In der Werbewirtschaft produzieren Auftraggeber und Auftragnehmer hübsche Datenberge, um die eigene Existenzberechtigung abzusichern. Befragungen von Testteilnehmern, Reichweiten, Werbeträger-Analysen, Monitoring, Targeting, generiere Leads und sonstige Zahlenspielchen bringen rein zufällig genau das, was beide Seiten glücklich macht und fette Budgets absichert. Häufig haben die Konkurrenzunternehmen sogar die gleichen Nudelwerte über die Durchschlagskraft von Werbung. Was sich Online und Offline abspielt, ist arrogantes und anmaßendes Vertriebsdenken – ohne Rücksicht auf Verluste. Und die Verluste treten ja schon ein, wenn man sieht, mit welchen Gegenmaßnahmen Internetnutzer reagieren, um den Nervpegel der Online-Werber zu reduzieren.

Wie wäre es mit der Kategorie „Wirksamkeit“, die der Philosoph François Jullien in einem Merve-Band so schön ausgebreitet hat? Da könnten Noller und Co. ein wenig bei Laozi in die Schule gehen und über folgende Sätze sinnieren: „Wer sich erhöht, ist nicht zu sehen. Wer sich selber rühmt, hat kein Verdienst. Wer sich selber verherrlicht, hat keine Dauer.“ Oder anders ausgedrückt: Da die Größe selbstgeschaffen ist, bleibt sie klein. Der Weise ist in der Lage, seine Größe entstehen zu lassen.
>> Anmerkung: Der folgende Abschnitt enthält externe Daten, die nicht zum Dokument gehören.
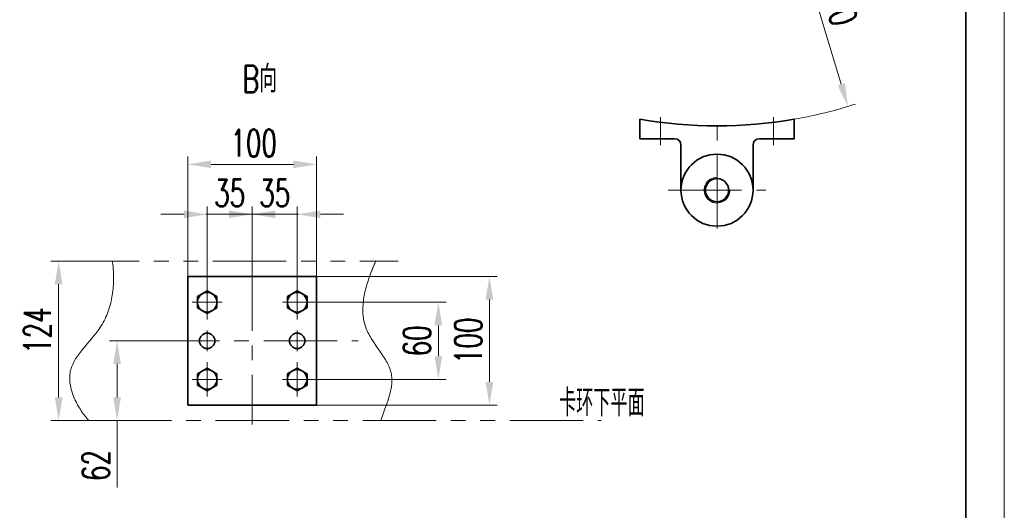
# Model space of a CAD drawing. Header units: millimetres. Extents: x -150 to 2644, y -30 to 1752.
# Tile 5 of 6: x 1605 to 2370, y 854 to 1236. Entities that reach past the tile are written whole.
import ezdxf
from ezdxf.enums import TextEntityAlignment as Align

# ---------------------------------------------------------------- set-up
doc = ezdxf.new("R2010")
doc.units = ezdxf.units.MM
doc.header["$LTSCALE"] = 1.8
doc.linetypes.add('CENTER', pattern=[50.8, 31.75, -6.35, 6.35, -6.35])
doc.linetypes.add('PHANTOM', pattern=[63.5, 31.75, -6.35, 6.35, -6.35, 6.35, -6.35])
doc.layers.get('0').update_dxf_attribs({"lineweight": 35})
doc.layers.get('Defpoints').update_dxf_attribs({"lineweight": 35})
for name, color, linetype, lineweight in [('3中心线层', 1, 'CENTER', 15), ('YGJ波浪线', 3, 'Continuous', 15), ('YGJ粗实线', 7, 'Continuous', 35), ('YGJ细实线', 3, 'Continuous', 15), ('双点划线', 3, 'PHANTOM', 15), ('粗实线', 7, 'Continuous', 35), ('细实线', 2, 'Continuous', 15)]:
    doc.layers.add(name, color=color, linetype=linetype, lineweight=lineweight)
doc.styles.add('HC_GBDIM', font='romans.shx', dxfattribs={"width": 0.667, "bigfont": 'hzdx.shx'})
doc.styles.add('标准', font='romans.shx', dxfattribs={"width": 0.7, "bigfont": 'hzdx.shx'})
doc.dimstyles.new('HC_GBDIM', dxfattribs={"dimtxt": 3.5, "dimasz": 3, "dimexe": 1, "dimexo": 0, "dimgap": 1, "dimtad": 1, "dimdec": 0, "dimzin": 0, "dimdsep": 46, "dimtxsty": 'HC_GBDIM', "dimcen": 2.5, "dimclrd": 3, "dimclre": 3, "dimclrt": 2, "dimadec": 0, "dimazin": 0, "dimtfac": 0.714286, "dimtdec": 0, "dimtmove": 0, "dimatfit": 3, "dimfxl": 1, "dimtzin": 0, "dimlwd": -1, "dimlwe": -1, "dimarcsym": 0})

# ---------------------------------------------------------------- blocks, each defined once
blk = doc.blocks.new('*U122')
at = {"layer": 'YGJ粗实线'}
blk.add_line((390, 287), (390, 0), dxfattribs=at)
at = {"layer": 'YGJ细实线'}
blk.add_line((395, 292), (395, -5), dxfattribs=at)
blk = doc.blocks.new('*D174')
at = {"layer": 'Defpoints', "color": 0}
for p in [(1835.3, 1036.15), (1835.3, 936.15), (1969.74, 936.15)]:
    blk.add_point(p, dxfattribs=at)
at = {"layer": 'YGJ细实线', "color": 3}
for p, q in [((1835.3, 1036.15), (1975.74, 1036.15)), ((1969.74, 1018.15), (1969.74, 954.15)), ((1835.3, 936.15), (1975.74, 936.15))]:
    blk.add_line(p, q, dxfattribs=at)
for points in [[(1972.74, 1018.15), (1966.74, 1018.15), (1969.74, 1036.15)], [(1966.74, 954.15), (1972.74, 954.15), (1969.74, 936.15)]]:
    blk.add_solid(points, dxfattribs=at)
at = {"layer": 'YGJ细实线', "color": 2, "insert": (1953.24, 986.15), "char_height": 21, "attachment_point": 5, "rotation": 90, "style": 'HC_GBDIM'}
blk.add_mtext('100', dxfattribs=at)
blk = doc.blocks.new('*D175')
at = {"layer": 'Defpoints', "color": 0}
for p in [(1829.3, 1016.15), (1829.95, 956.15), (1930.03, 956.15)]:
    blk.add_point(p, dxfattribs=at)
at = {"layer": 'YGJ细实线', "color": 3}
for p, q in [((1829.3, 1016.15), (1936.03, 1016.15)), ((1930.03, 998.15), (1930.03, 974.15)), ((1829.95, 956.15), (1936.03, 956.15))]:
    blk.add_line(p, q, dxfattribs=at)
for points in [[(1933.03, 998.15), (1927.03, 998.15), (1930.03, 1016.15)], [(1927.03, 974.15), (1933.03, 974.15), (1930.03, 956.15)]]:
    blk.add_solid(points, dxfattribs=at)
at = {"layer": 'YGJ细实线', "color": 2, "insert": (1913.53, 986.15), "char_height": 21, "attachment_point": 5, "rotation": 90, "style": 'HC_GBDIM'}
blk.add_mtext('60', dxfattribs=at)
blk = doc.blocks.new('*D176')
at = {"layer": 'Defpoints', "color": 0}
for p in [(1710.38, 986.15), (1680.27, 924.15), (1721.01, 924.15)]:
    blk.add_point(p, dxfattribs=at)
at = {"layer": 'YGJ细实线', "color": 3}
for p, q in [((1710.38, 986.15), (1674.27, 986.15)), ((1680.27, 968.15), (1680.27, 942.15)), ((1721.01, 924.15), (1674.27, 924.15)), ((1680.27, 924.15), (1680.27, 872.14))]:
    blk.add_line(p, q, dxfattribs=at)
for points in [[(1683.27, 968.15), (1677.27, 968.15), (1680.27, 986.15)], [(1677.27, 942.15), (1683.27, 942.15), (1680.27, 924.15)]]:
    blk.add_solid(points, dxfattribs=at)
at = {"layer": 'YGJ细实线', "color": 2, "insert": (1663.77, 889.15), "char_height": 21, "attachment_point": 5, "rotation": 90, "style": 'HC_GBDIM'}
blk.add_mtext('62', dxfattribs=at)
blk = doc.blocks.new('*D177')
at = {"layer": 'Defpoints', "color": 0}
for p in [(1835.3, 1123.39), (1735.3, 1036.15), (1835.3, 1036.15)]:
    blk.add_point(p, dxfattribs=at)
at = {"layer": 'YGJ细实线', "color": 3}
for p, q in [((1735.3, 1036.15), (1735.3, 1129.39)), ((1835.3, 1036.15), (1835.3, 1129.39)), ((1753.3, 1123.39), (1817.3, 1123.39))]:
    blk.add_line(p, q, dxfattribs=at)
for points in [[(1753.3, 1126.39), (1753.3, 1120.39), (1735.3, 1123.39)], [(1817.3, 1120.39), (1817.3, 1126.39), (1835.3, 1123.39)]]:
    blk.add_solid(points, dxfattribs=at)
at = {"layer": 'YGJ细实线', "color": 2, "insert": (1786.45, 1139.89), "char_height": 21, "attachment_point": 5, "style": 'HC_GBDIM'}
blk.add_mtext('100', dxfattribs=at)
blk = doc.blocks.new('*D178')
at = {"layer": 'Defpoints', "color": 0}
for p in [(1785.3, 1084.54), (1785.3, 1051.15), (1750.3, 1025.92)]:
    blk.add_point(p, dxfattribs=at)
at = {"layer": 'YGJ细实线', "color": 3}
for p, q in [((1750.3, 1025.92), (1750.3, 1090.54)), ((1785.3, 1051.15), (1785.3, 1090.54)), ((1732.3, 1084.54), (1714.3, 1084.54)), ((1750.3, 1084.54), (1785.3, 1084.54)), ((1803.3, 1084.54), (1821.3, 1084.54))]:
    blk.add_line(p, q, dxfattribs=at)
for points in [[(1732.3, 1081.54), (1732.3, 1087.54), (1750.3, 1084.54)], [(1803.3, 1087.54), (1803.3, 1081.54), (1785.3, 1084.54)]]:
    blk.add_solid(points, dxfattribs=at)
at = {"layer": 'YGJ细实线', "color": 2, "insert": (1767.8, 1101.04), "char_height": 21, "attachment_point": 5, "style": 'HC_GBDIM'}
blk.add_mtext('35', dxfattribs=at)
blk = doc.blocks.new('*D179')
at = {"layer": 'Defpoints', "color": 0}
for p in [(1820.3, 1084.54), (1785.3, 1051.15), (1820.3, 1026.77)]:
    blk.add_point(p, dxfattribs=at)
at = {"layer": 'YGJ细实线', "color": 3}
for p, q in [((1785.3, 1051.15), (1785.3, 1090.54)), ((1820.3, 1026.77), (1820.3, 1090.54)), ((1767.3, 1084.54), (1749.3, 1084.54)), ((1785.3, 1084.54), (1820.3, 1084.54)), ((1838.3, 1084.54), (1856.3, 1084.54))]:
    blk.add_line(p, q, dxfattribs=at)
for points in [[(1767.3, 1081.54), (1767.3, 1087.54), (1785.3, 1084.54)], [(1838.3, 1087.54), (1838.3, 1081.54), (1820.3, 1084.54)]]:
    blk.add_solid(points, dxfattribs=at)
at = {"layer": 'YGJ细实线', "color": 2, "insert": (1802.8, 1101.04), "char_height": 21, "attachment_point": 5, "style": 'HC_GBDIM'}
blk.add_mtext('35', dxfattribs=at)
blk = doc.blocks.new('*D180')
at = {"layer": 'Defpoints', "color": 0}
for p in [(1640.38, 1048.15), (1634.85, 924.15), (1672.39, 924.15)]:
    blk.add_point(p, dxfattribs=at)
at = {"layer": 'YGJ细实线', "color": 3}
for p, q in [((1640.38, 1048.15), (1628.85, 1048.15)), ((1634.85, 1030.15), (1634.85, 942.15)), ((1672.39, 924.15), (1628.85, 924.15))]:
    blk.add_line(p, q, dxfattribs=at)
for points in [[(1637.85, 1030.15), (1631.85, 1030.15), (1634.85, 1048.15)], [(1631.85, 942.15), (1637.85, 942.15), (1634.85, 924.15)]]:
    blk.add_solid(points, dxfattribs=at)
at = {"layer": 'YGJ细实线', "color": 2, "insert": (1618.35, 994.08), "char_height": 21, "attachment_point": 5, "rotation": 90, "style": 'HC_GBDIM'}
blk.add_mtext('124', dxfattribs=at)
blk = doc.blocks.new('*D225')
at = {"layer": 'Defpoints', "color": 0}
for p in [(2146.67, 1503.3), (2248.52, 1168.45)]:
    blk.add_point(p, dxfattribs=at)
at = {"layer": 'YGJ细实线', "color": 3}
blk.add_line((2243.29, 1185.67), (2214.52, 1280.23), dxfattribs=at)
blk.add_arc((2146.67, 1503.3), 350, 279.87087, 287.90047, dxfattribs=at)
blk.add_solid([(2240.42, 1184.79), (2246.16, 1186.54), (2248.52, 1168.45)], dxfattribs=at)
at = {"layer": 'YGJ细实线', "color": 2, "insert": (2239.24, 1255.68), "char_height": 21, "attachment_point": 5, "rotation": 286.91824, "style": 'HC_GBDIM'}
blk.add_mtext('R350', dxfattribs=at)

msp = doc.modelspace()

# ---------------------------------------------------------------- linework, layer by layer
at = {"ltscale": 7}
for p, q in [((1735.3, 1036.15), (1835.3, 1036.15)), ((1735.3, 1036.15), (1735.3, 936.15)), ((1835.3, 1036.15), (1835.3, 936.15)), ((1750.3, 1024.95), (1742.69, 1020.55)), ((1742.69, 1020.55), (1742.69, 1011.76)), ((1757.92, 1020.55), (1750.3, 1024.95)), ((1757.92, 1011.76), (1757.92, 1020.55)), ((1820.3, 1024.95), (1812.69, 1020.55)), ((1812.69, 1020.55), (1812.69, 1011.76)), ((1827.92, 1020.55), (1820.3, 1024.95)), ((1827.92, 1011.76), (1827.92, 1020.55)), ((1741.3, 1016.15), (1741.3, 1016.15)), ((1742.69, 1011.76), (1750.3, 1007.36)), ((1750.3, 1007.36), (1757.92, 1011.76)), ((1812.69, 1011.76), (1820.3, 1007.36)), ((1820.3, 1007.36), (1827.92, 1011.76)), ((1829.3, 1016.15), (1829.3, 1016.15)), ((1750.3, 964.95), (1742.69, 960.55)), ((1757.92, 960.55), (1750.3, 964.95)), ((1820.3, 964.95), (1812.69, 960.55)), ((1827.92, 960.55), (1820.3, 964.95)), ((1742.69, 960.55), (1742.69, 951.76)), ((1757.92, 951.76), (1757.92, 960.55)), ((1812.69, 960.55), (1812.69, 951.76)), ((1827.92, 951.76), (1827.92, 960.55)), ((1741.3, 956.15), (1741.3, 956.15)), ((1742.69, 951.76), (1750.3, 947.36)), ((1750.3, 947.36), (1757.92, 951.76)), ((1812.69, 951.76), (1820.3, 947.36)), ((1820.3, 947.36), (1827.92, 951.76)), ((1829.3, 956.15), (1829.3, 956.15)), ((1735.3, 936.15), (1835.3, 936.15))]:
    msp.add_line(p, q, dxfattribs=at)
for centre, radius in [((1750.3, 1016.15), 7.62), ((1820.3, 1016.15), 7.62), ((1750.3, 986.15), 6), ((1820.3, 986.15), 6), ((1750.3, 956.15), 7.62), ((1820.3, 956.15), 7.62)]:
    msp.add_circle(centre, radius, dxfattribs=at)
at = {"layer": '3中心线层'}
for p, q in [((2102.67, 1160.18), (2102.67, 1138.3)), ((2146.65, 1073.4), (2146.65, 1158.3)), ((2190.64, 1160.18), (2190.64, 1138.3)), ((2108.65, 1103.3), (2184.65, 1103.3)), ((1785.3, 1051.15), (1785.3, 921.15)), ((1750.3, 1002.79), (1750.3, 1029.58)), ((1820.3, 1002.79), (1820.3, 1029.58)), ((1761.85, 1016.15), (1738.76, 1016.15)), ((1831.85, 1016.15), (1808.76, 1016.15)), ((1750.3, 994.15), (1750.3, 978.15)), ((1820.3, 994.15), (1820.3, 978.15)), ((1702.8, 986.15), (1867.8, 986.15)), ((1750.3, 942.76), (1750.3, 969.55)), ((1820.3, 942.79), (1820.3, 969.58)), ((1761.85, 956.12), (1738.76, 956.12)), ((1831.85, 956.15), (1808.76, 956.15))]:
    msp.add_line(p, q, dxfattribs=at)
at = {"layer": '双点划线'}
for p, q in [((1640.38, 1048.15), (1898.74, 1048.15)), ((1642.6, 924.15), (2056.53, 924.15))]:
    msp.add_line(p, q, dxfattribs=at)
at = {"layer": '双点划线', "ltscale": 8}
for points, knots in [([(1676.71, 1048.15), (1676.74, 1047.83), (1678.85, 1028.57), (1675.11, 997.02), (1633.92, 965.03), (1648.93, 934.61), (1658.19, 924.15)], [25.266163, 25.266163, 25.266163, 25.266163, 26.164058, 78.143735, 119.243732, 159.547925, 159.547925, 159.547925, 159.547925]), ([(1881.37, 1048.15), (1880.35, 1045.81), (1873.34, 1029.36), (1864.7, 995.16), (1902.56, 963.01), (1889.28, 936.07), (1885.25, 924.15)], [25.016822, 25.016822, 25.016822, 25.016822, 32.638961, 77.711565, 118.83468, 155.725812, 155.725812, 155.725812, 155.725812])]:
    msp.add_open_spline(points, degree=3, knots=knots, dxfattribs=at)
at = {"layer": '粗实线'}
for p, q in [((2086.67, 1143.3), (2086.67, 1158.48)), ((2206.67, 1143.3), (2206.67, 1158.48)), ((2086.67, 1143.3), (2113.65, 1143.3)), ((2179.65, 1143.3), (2206.67, 1143.3)), ((2118.65, 1103.3), (2118.65, 1138.3)), ((2174.65, 1138.3), (2174.65, 1103.3))]:
    msp.add_line(p, q, dxfattribs=at)
for radius in [28, 9]:
    msp.add_circle((2146.65, 1103.3), radius, dxfattribs=at)
for centre, radius, start, end in [((2146.67, 1503.3), 350, 260.12909, 279.87087), ((2113.65, 1138.3), 5, 0, 90), ((2179.65, 1138.3), 5, 90, 180)]:
    msp.add_arc(centre, radius, start, end, dxfattribs=at)
at = {"layer": '细实线'}
msp.add_arc((2146.65, 1103.3), 10, 87.75929, 3.00592, dxfattribs=at)

# ---------------------------------------------------------------- block references
at = {"layer": 'YGJ波浪线', "ltscale": 6, "xscale": 6, "yscale": 6, "zscale": 6}
msp.add_blockref('*U122', (0, 0), dxfattribs=at)

# ---------------------------------------------------------------- texts
at = {"layer": '细实线', "style": '标准'}
for s, width, p in [('B向', 0.7, (1791.09, 1190.88)), ('卡环下平面', 0.667, (2057.14, 939.06))]:
    msp.add_text(s, height=21, dxfattribs=dict(at, width=width)).set_placement(p, align=Align.MIDDLE)

# ---------------------------------------------------------------- dimensions: what is measured, and where the dimension line sits
at = {"layer": 'YGJ细实线'}
dim = msp.add_radius_dim(center=(2146.67, 1503.3), mpoint=(2248.52, 1168.45), dimstyle='HC_GBDIM', override={"dimscale": 6}, dxfattribs=at)
dim.commit()
dim.dimension.update_dxf_attribs({"geometry": '*D225', "text_midpoint": (2223.45, 1250.88), "dimtype": 164})
for base, p1, p2, picture, middle in [((1835.3, 1123.39), (1735.3, 1036.15), (1835.3, 1036.15), '*D177', (1786.45, 1123.39)), ((1785.3, 1084.54), (1750.3, 1025.92), (1785.3, 1051.15), '*D178', (1767.8, 1084.54)), ((1820.3, 1084.54), (1785.3, 1051.15), (1820.3, 1026.77), '*D179', (1802.8, 1084.54))]:
    dim = msp.add_linear_dim(base=base, p1=p1, p2=p2, dimstyle='HC_GBDIM', override={"dimscale": 6, "dimtxsty": 'HC_GBDIM'}, dxfattribs=at)
    dim.commit()
    dim.dimension.update_dxf_attribs({"geometry": picture, "text_midpoint": middle, "dimtype": 160})
for base, p1, p2, picture, middle in [((1634.85, 924.15), (1640.38, 1048.15), (1672.39, 924.15), '*D180', (1634.85, 994.08)), ((1969.74, 936.15), (1835.3, 1036.15), (1835.3, 936.15), '*D174', (1969.74, 986.15)), ((1930.03, 956.15), (1829.3, 1016.15), (1829.95, 956.15), '*D175', (1930.03, 986.15)), ((1680.27, 924.15), (1710.38, 986.15), (1721.01, 924.15), '*D176', (1680.27, 889.15))]:
    dim = msp.add_linear_dim(base=base, p1=p1, p2=p2, angle=90, dimstyle='HC_GBDIM', override={"dimscale": 6, "dimtxsty": 'HC_GBDIM'}, dxfattribs=at)
    dim.commit()
    dim.dimension.update_dxf_attribs({"geometry": picture, "text_midpoint": middle, "dimtype": 160})

doc.saveas('drawing.dxf')

Man sollte sich auf die reine Wirkung beschränken – ohne anmaßend zu sein, ohne Ruhmsucht und ohne zu prahlen.

„Die Wirkung soll ausschließlich als Resultat der Situation erscheinen und sich in ihrem Zusammenhang abspielen“, schreibt Jullien.

Die Wirkung sollte sich als Resultat ergeben, sie gehört zur Ordnung der Konsequenz und nicht der Planung. Es wäre ja schon ein Schritt nach vorne, den Empfehlungen von Clasen zu folgen:

„Ich hätte gerne Werbung, die mich möglichst interessiert, in einer Dosis, die nicht nervt, in einem Format, das ich notfalls ignorieren kann, wenn ich das möchte. Also ein Video, das ich wegklicken kann, und eine Anzeige, die mich nicht beim Lesen eines Artikels stört.“

Eigentlich nichts Besonderes. Für die Schreihälse der Online-Werbung wohl eine Zumutung und ein Anschlag auf ihre Existenzberechtigung.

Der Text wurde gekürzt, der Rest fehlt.